Under the Constitution of the Empire of Japan, which remained in force from 1890 until 1947, the Board of Audit of Japan faced limitations on checking military-related budgets. Since secret funds of the government and military were exempt from auditing in those days, the bulk of military-related budgets remained in a "black box."

    The book "Kaikei Kensain Hyakunenshi" (100-year history of the Board of Audit), published in 1980 by the Board of Audit of Japan, states that there were considerable constraints on auditing under the Military Secrets Protection Law (revised in 1937). The law was designed to punish those who leaked military secrets.

    Based on lessons learned from this past, Article 90 of the current Constitution stipulates that "Final accounts of the expenditures and revenues of the State shall be audited annually by a Board of Audit ..." This means that the Board of Audit is independent of the Cabinet. There have been no provisions so far even in the Self-Defense Forces Act that limit the provision of defense secrets to the Board of Audit.

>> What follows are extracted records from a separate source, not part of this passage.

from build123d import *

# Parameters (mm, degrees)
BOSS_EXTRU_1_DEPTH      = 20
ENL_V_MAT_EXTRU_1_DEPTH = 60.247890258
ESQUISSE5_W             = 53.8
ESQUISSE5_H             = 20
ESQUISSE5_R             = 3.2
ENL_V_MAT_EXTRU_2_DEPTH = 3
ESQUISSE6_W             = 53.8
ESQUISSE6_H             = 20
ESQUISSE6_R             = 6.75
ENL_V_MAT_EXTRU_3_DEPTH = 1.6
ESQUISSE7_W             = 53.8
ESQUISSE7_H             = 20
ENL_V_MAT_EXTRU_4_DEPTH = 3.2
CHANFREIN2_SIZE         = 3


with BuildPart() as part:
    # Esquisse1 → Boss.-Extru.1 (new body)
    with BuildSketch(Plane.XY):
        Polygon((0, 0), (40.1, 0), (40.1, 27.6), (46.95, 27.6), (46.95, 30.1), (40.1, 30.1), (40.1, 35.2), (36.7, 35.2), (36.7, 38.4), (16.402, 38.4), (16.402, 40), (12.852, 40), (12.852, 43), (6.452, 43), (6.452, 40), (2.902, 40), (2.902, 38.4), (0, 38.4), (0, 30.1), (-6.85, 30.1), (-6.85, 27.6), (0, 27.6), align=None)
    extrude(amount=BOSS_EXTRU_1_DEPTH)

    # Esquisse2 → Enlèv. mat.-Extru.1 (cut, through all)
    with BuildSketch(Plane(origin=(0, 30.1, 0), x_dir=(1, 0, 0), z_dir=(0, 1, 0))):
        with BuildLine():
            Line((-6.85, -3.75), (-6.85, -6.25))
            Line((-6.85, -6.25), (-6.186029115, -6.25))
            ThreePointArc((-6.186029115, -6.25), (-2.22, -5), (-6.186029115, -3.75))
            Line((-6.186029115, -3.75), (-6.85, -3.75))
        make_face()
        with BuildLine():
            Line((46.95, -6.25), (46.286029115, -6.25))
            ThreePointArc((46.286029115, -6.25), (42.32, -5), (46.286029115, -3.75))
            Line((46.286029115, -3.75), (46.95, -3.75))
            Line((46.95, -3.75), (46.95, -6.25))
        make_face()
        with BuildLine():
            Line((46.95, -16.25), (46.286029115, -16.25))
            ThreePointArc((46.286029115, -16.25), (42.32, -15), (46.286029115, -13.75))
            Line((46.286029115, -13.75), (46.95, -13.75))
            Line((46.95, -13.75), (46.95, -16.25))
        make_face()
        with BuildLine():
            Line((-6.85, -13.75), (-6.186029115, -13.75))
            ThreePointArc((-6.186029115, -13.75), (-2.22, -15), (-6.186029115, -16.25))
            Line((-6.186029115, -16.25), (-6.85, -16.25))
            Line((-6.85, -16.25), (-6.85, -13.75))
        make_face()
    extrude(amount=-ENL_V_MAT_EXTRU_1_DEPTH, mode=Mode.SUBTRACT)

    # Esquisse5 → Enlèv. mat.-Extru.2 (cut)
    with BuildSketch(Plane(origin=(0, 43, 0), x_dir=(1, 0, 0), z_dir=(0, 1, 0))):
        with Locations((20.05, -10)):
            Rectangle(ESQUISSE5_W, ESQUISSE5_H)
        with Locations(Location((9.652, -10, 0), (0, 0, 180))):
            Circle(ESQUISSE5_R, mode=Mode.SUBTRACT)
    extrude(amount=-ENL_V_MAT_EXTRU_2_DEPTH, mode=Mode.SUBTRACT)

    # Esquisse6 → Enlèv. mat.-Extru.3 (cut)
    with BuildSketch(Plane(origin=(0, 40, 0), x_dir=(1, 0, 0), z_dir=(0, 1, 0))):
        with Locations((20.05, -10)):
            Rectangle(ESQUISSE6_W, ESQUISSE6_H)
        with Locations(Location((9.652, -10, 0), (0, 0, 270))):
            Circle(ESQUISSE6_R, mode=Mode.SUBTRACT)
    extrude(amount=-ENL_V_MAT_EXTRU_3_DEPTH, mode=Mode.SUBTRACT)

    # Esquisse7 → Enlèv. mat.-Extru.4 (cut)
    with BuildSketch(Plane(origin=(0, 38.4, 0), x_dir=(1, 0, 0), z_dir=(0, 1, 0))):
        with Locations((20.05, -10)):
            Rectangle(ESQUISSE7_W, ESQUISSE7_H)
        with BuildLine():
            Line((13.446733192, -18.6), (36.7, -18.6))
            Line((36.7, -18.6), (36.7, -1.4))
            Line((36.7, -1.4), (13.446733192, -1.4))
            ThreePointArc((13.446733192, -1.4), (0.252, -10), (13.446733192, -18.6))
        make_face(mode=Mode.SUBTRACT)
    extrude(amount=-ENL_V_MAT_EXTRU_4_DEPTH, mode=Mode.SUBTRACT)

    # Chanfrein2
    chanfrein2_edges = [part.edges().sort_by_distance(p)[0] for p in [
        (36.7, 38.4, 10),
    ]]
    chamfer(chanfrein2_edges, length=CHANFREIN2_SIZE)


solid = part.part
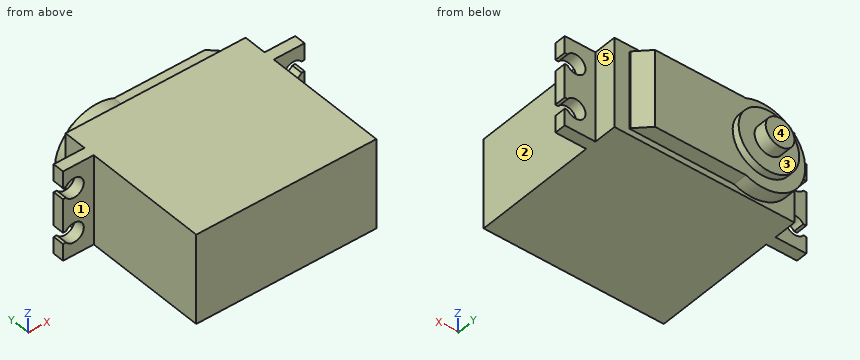
For this review, take the finished solid that the model builds, in its own axes (mm). Face numbers are marked on the shaded views. A direction names the side the tool comes from. Round coordinates to 2 decimals unless told otherwise and drop trailing zeros. Write each loop counter-clockwise with the first axis right and the second up, starting at its lowest first coordinate (ties: lowest second). Pieces come first, ordered by that corner, then holes. Notation, with made-up numbers: M 10.5,43.25 L 26.5,43.25 A20 cw 26.5,74.25 Z; hole C -31,9 d5. An arc over 180 degrees is marked long. Write item = value, one per line. Start each with the question number.
(1) We need section D-D (y = 7.5). Give the boundary of the cut face in (x, z).
(2) For line 1 along Z through (x, y) = (44.5, 29.35); line 2 along Z through (x, y) = (-4, 28); line 3 along X through (y, z) = (25, 18.75), list the stretches that pass through material, from the lowest coordinate up.
(3) We need section A-A (x = 44.5). Give the boundary of the cut face in (y, z).
(4) We need section B-B (z = 10). Give the boundary of the cut face in (x, y), then the cut area to 3 significant figures.
(5) We need section C-C (x = 23.5). Give the boundary of the cut face in (y, z), then the cut area to 3 significant figures.
(6) Clearance check with flat-ended pins moving along their axes: pin 1 Ø7 at (x, z) = (-4.4, 5) entering from +Y; pin 2 Ø1 at (x, y) = (26, 36.5) entering from +Z; pin 3 Ø1 at (x, z) = (18.5, 11.5) entering from +Y. State where each tip first meets the part, or that it passes through.
(7) For the marked faces 1, 2, 3, 4 and 5, list the 3-axis set-ups (+Z, -Z, +X, -X, +Y, -Y) from which the entire face can be reached by the end or side of a thin tool; tool diameter is ignored.
Results found:
q1.outline = M 0,0 L 40.1,0 L 40.1,20 L 0,20 Z
q2.line_1 = 0 to 2.82, 7.18 to 12.82, 17.18 to 20
q2.line_2 = 0 to 2.86, 7.14 to 12.86, 17.14 to 20
q2.line_3 = 0 to 40.1
q3.outline = M 27.6,0 L 30.1,0 L 30.1,2.82 L 27.6,2.82 Z; M 27.6,7.18 L 30.1,7.18 L 30.1,12.82 L 27.6,12.82 Z; M 27.6,17.18 L 30.1,17.18 L 30.1,20 L 27.6,20 Z
q4.outline = M -6.85,27.6 L 0,27.6 L 0,0 L 40.1,0 L 40.1,27.6 L 46.95,27.6 L 46.95,30.1 L 40.1,30.1 L 40.1,35.2 L 36.7,35.2 L 36.7,35.4 L 33.7,38.4 L 16.4,38.4 L 16.4,40 L 12.85,40 L 12.85,43 L 6.45,43 L 6.45,40 L 2.9,40 L 2.9,38.4 L 0.25,38.4 L 0.25,35.2 L 0,35.2 L 0,30.1 L -6.85,30.1 Z
q4.area = 1,600 mm²
q5.outline = M 0,0 L 35.2,0 L 35.2,1.4 L 38.4,1.4 L 38.4,18.6 L 35.2,18.6 L 35.2,20 L 0,20 Z
q5.area = 759 mm²
q6.pin_1 = 30.1
q6.pin_2 = 18.6
q6.pin_3 = 38.4
q7.face_1 = +Z, -Z, -X, -Y
q7.face_2 = +Z, -Z, +X, -Y
q7.face_3 = +Y
q7.face_4 = +Z, -Z, +X, -X, +Y
q7.face_5 = +Z, -Z, +X, +Y

    Specially designated state secrets include documents on budgetary measures for defense and foreign policies.

    Regarding Section 1 of Article 10 of the Act on Protection of Specially Designated Secrets, Hiroshi Arikawa, former commissioner of the Board of Audit and professor of public policy at Nihon University, said, "If those who are subject to auditing can select which documents to submit, I would have to say it infringes on Article 90 of the Constitution."

    The special secrets act, which imposes heavy penalties on those who leak important state secrets and those who obtain such information through unauthorized means, carries the potential for serious cover-ups of information. The government should make efforts to allay such doubts.